Dados da Fecomércio-SP mostram que, na Região Metropolitana de São Paulo, a inadimplência atingiu em março e abril o maior patamar desde julho de 2004: 45% dos consumidores estão com as contas em atraso. Em janeiro deste ano, a taxa estava em 36%. Entre os inadimplentes, 22% avaliam que não conseguirão honrar compromissos de curto prazo.

¿ O crédito cresceu fortemente, mas a renda não acompanhou, gerando inadimplência. E o Banco Central continua subindo os juros, o que dificulta a renegociação de dívidas ou contratação de novas linhas. Estamos vendo a formação de uma bolha de crédito. A tendência é de que a bolha se rompa ¿ diz Fábio Pina, assessor econômico da Fecomércio-SP.

A inadimplência também cresceu nas financeiras. José Arthur Assunção, vice-presidente da Fenacrefi, instituição que reúne o setor e empresas de crédito, afirma que o não pagamento de dívidas, que estava estacionado em 17% no início do ano, saltou para 18,5% em março.
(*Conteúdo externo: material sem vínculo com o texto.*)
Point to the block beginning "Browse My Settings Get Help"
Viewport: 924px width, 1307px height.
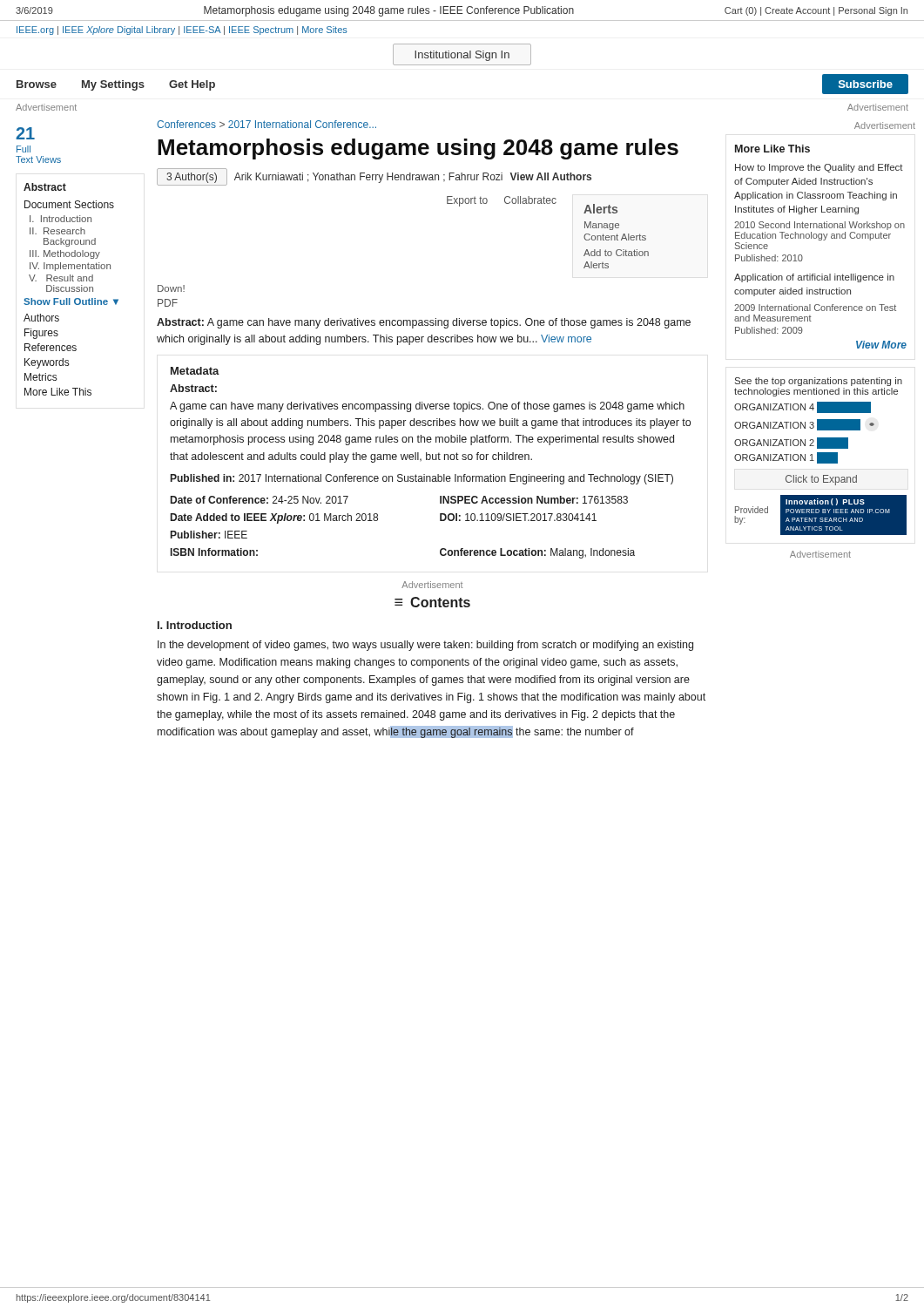click(37, 84)

¿ A taxa nunca esteve em nível tão elevado. Os números são alarmantes: fomos além do que seria apenas uma tendência sazonal ¿ diz Assunção.

Gastar mais do que ganha é um dos problemas de Josilene de Souza, 19 anos. Seu salário de R$423 não corresponde a seus gastos. Todo mês, ela paga os juros do cheque especial e divide seus gastos em três cartões de crédito. Por conta disso, está atrás de um empréstimo em financeiras:

¿ As contas não batem, já que tenho custos fixos mensais de R$200. O jeito é buscar empréstimos, mas no fim do mês, estou zerada.
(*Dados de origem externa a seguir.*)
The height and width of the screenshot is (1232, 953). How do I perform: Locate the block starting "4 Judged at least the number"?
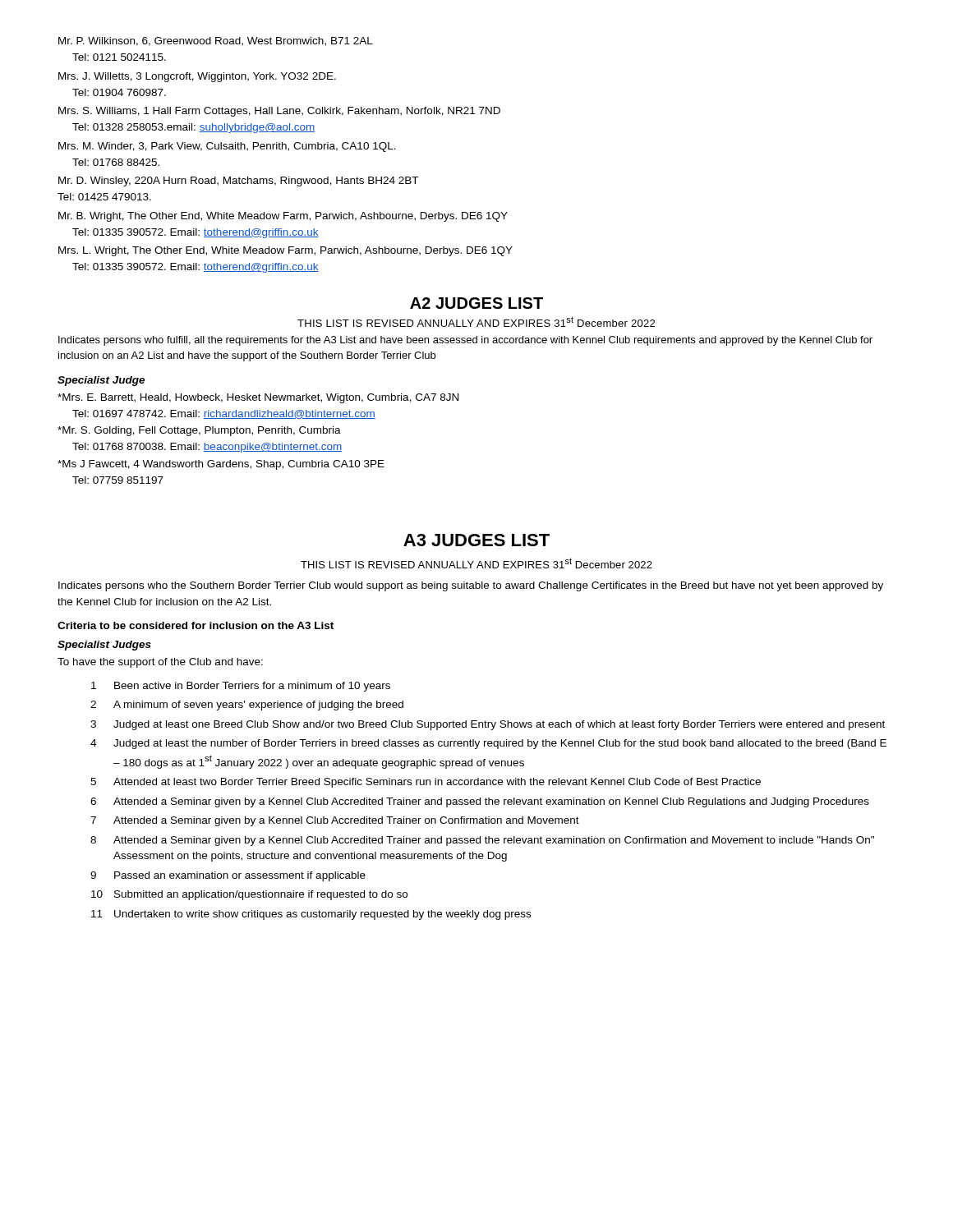coord(476,753)

A pedra no sapato do consumidor chama-se juros altos por causar achatamento da renda, diz Miguel Ribeiro de Oliveira, vice-presidente da Anefac, instituição que reúne executivos de finanças. Mas há outros fatores, como o crescimento no número de contas bancárias no país, alerta ele:

¿ A bancarização fez com que muita gente passasse a ter acesso a crédito. E mais consumidores passaram a emitir cheques pré-datados.

Para Roberto Cury, vice-presidente do Sindicato dos Lojistas do Comércio do Município do Rio (Sindilojas-Rio), é justamente o alto número de pré-datados um dos responsáveis pela inadimplência, além dos altos juros e da elevada carga tributária:

¿ Já estamos sentindo queda nas vendas, porque o consumidor está com o orçamento comprometido.

Para Gilberto Catran, diretor da Aloserj, que reúne os lojistas de shoppings do Rio, o quadro pode piorar com as compras de Dia das Mães.

¿ Desde dezembro, já havia uma preocupação com a inadimplência. As facilidades nos crediários não estão no mesmo ritmo do poder aquisitivo das pessoas ¿ diz Catran.